*** Opening Exercise input ***
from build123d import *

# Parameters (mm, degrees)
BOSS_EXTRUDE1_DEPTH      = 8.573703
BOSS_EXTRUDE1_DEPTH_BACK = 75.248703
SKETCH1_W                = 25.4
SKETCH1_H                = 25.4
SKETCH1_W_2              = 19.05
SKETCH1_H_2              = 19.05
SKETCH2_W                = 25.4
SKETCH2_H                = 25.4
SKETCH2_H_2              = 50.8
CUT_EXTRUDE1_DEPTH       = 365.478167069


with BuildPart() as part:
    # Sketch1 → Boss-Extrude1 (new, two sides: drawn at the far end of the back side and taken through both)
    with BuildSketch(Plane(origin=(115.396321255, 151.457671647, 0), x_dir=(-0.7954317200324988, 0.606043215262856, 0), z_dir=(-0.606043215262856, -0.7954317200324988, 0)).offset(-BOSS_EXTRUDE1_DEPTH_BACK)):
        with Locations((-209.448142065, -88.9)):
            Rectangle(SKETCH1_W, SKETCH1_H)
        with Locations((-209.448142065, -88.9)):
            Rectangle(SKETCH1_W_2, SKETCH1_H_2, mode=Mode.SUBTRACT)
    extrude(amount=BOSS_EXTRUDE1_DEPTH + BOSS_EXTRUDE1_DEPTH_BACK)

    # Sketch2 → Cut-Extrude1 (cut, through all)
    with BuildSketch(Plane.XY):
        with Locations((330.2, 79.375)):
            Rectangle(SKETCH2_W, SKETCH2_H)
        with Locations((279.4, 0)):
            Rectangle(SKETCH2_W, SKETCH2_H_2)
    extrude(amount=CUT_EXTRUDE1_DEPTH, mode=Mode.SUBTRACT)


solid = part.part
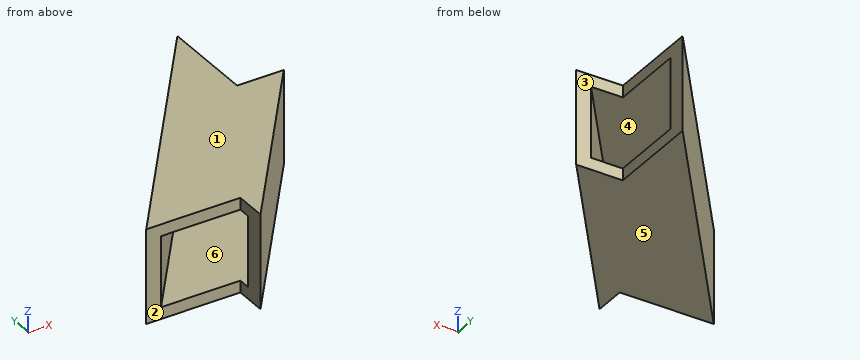
Read the model definition and answer for the solid it produces. Units are mm, in the model's axes. Face numbers are marked on the shaded views. A direction names the side the tool comes from. Coordinates: 2 decimals unless noted, no trailing zeros. Loops run counter-clockwise (first coordinate to the right, second up) from the corner with the lowest first, then second, coordinate; pieces in that order, holes last.
Q1. The part is cut by section D-D on x = 273. Write down the section's boundary in (y, z) (3 decimals), and give its area (3 significant figures).
Q2. Each of these flat-tipped pins is pushed along its axis until it touches: pin 1 Ø7.5 at (x, z) = (278.5, 90.5) entering from -Y; pin 2 Ø3 at (x, y) = (304, 76.5) entering from +Z; pin 3 Ø6.5 at (x, z) = (323, 84) entering from +Y (3 decimals); pin 4 Ø2.5 at (y, z) = (21, 83) entering from -X. Where does it stop, or does it pass through?
Q3. The mould has two halves that part along X. Classify the marked faces 5 and 6: +X half, -X half, draft (parallel to the pull), parting line (faces both ways), or undercut.
Q4. Which of the six approach directions +Z, -Z, +X, -X, +Y, -Y give full straight-line access (tool end or side, diameter ignored) to the marked faces 1, 2, 3 and 4?
Q5. The part is cut by section B-B on x = 307. Write down the section's boundary in (y, z) (3 decimals), and give its area (3 significant figures).
Q6. Consider probe 1 along Z at (x, y) = (287, 41) (3 decimals); probe 2 along Y at (x, z) = (315.5, 91.5); probe 3 along Y at (x, z) = (311, 98.25). Determine where each line is inside the solid, lowest interval first.
Q7. The part is cut by section A-A on z = 94.25. Write down the section's boundary in (x, y) (3 decimals), and give its area (3 significant figures).
Q8. The part is cut by section C-C on y = 54. Write down the section's boundary in (x, z) (3 decimals).
Results below:
1. outline: (25.4, 76.2) - (33.669, 76.2) - (33.669, 101.6) - (25.4, 101.6) - (25.4, 98.425) - (28.43, 98.425) - (28.43, 79.375) - (25.4, 79.375) - close
1. area: 152 mm2
2. pin 1: stops at y = 30.73
2. pin 2: stops at z = 101.6
2. pin 3: stops at y = 66.675
2. pin 4: stops at x = 292.1
3. face 5: draft
3. face 6: undercut
4. face 1: +Z, +X, -X, +Y, -Y
4. face 2: +Z, -Z, -X, -Y
4. face 3: +Z, -Z, +X, +Y
4. face 4: none
5. outline: (36.383, 76.2) - (78.294, 76.2) - (78.294, 101.6) - (36.383, 101.6) - close; hole (41.621, 79.375) - (73.055, 79.375) - (73.055, 98.425) - (41.621, 98.425) - close
5. area: 466 mm2
6. probe 1: z = 76.2 to 79.375, 98.425 to 101.6
6. probe 2: y = 47.54 to 52.78, 84.21 to 89.45
6. probe 3: y = 41.63 to 46.87, 78.3 to 83.54
7. outline: (266.7, 25.4) - (270.692, 25.4) - (317.5, 86.836) - (317.5, 92.075) - close; (292.1, 16.826) - (330.08, 66.675) - (326.088, 66.675) - (292.1, 22.065) - close
7. area: 444 mm2
8. outline: (288.49, 76.2) - (320.423, 76.2) - (320.423, 101.6) - (288.49, 101.6) - close; hole (292.482, 79.375) - (316.431, 79.375) - (316.431, 98.425) - (292.482, 98.425) - close
*** Closing Exercise input ***
The task —
Every line holding the word "undercut" should be copied out of the records above.

Solution below —
Q3. The mould has two halves that part along X. Classify the marked faces 5 and 6: +X half, -X half, draft (parallel to the pull), parting line (faces both ways), or undercut.
3. face 6: undercut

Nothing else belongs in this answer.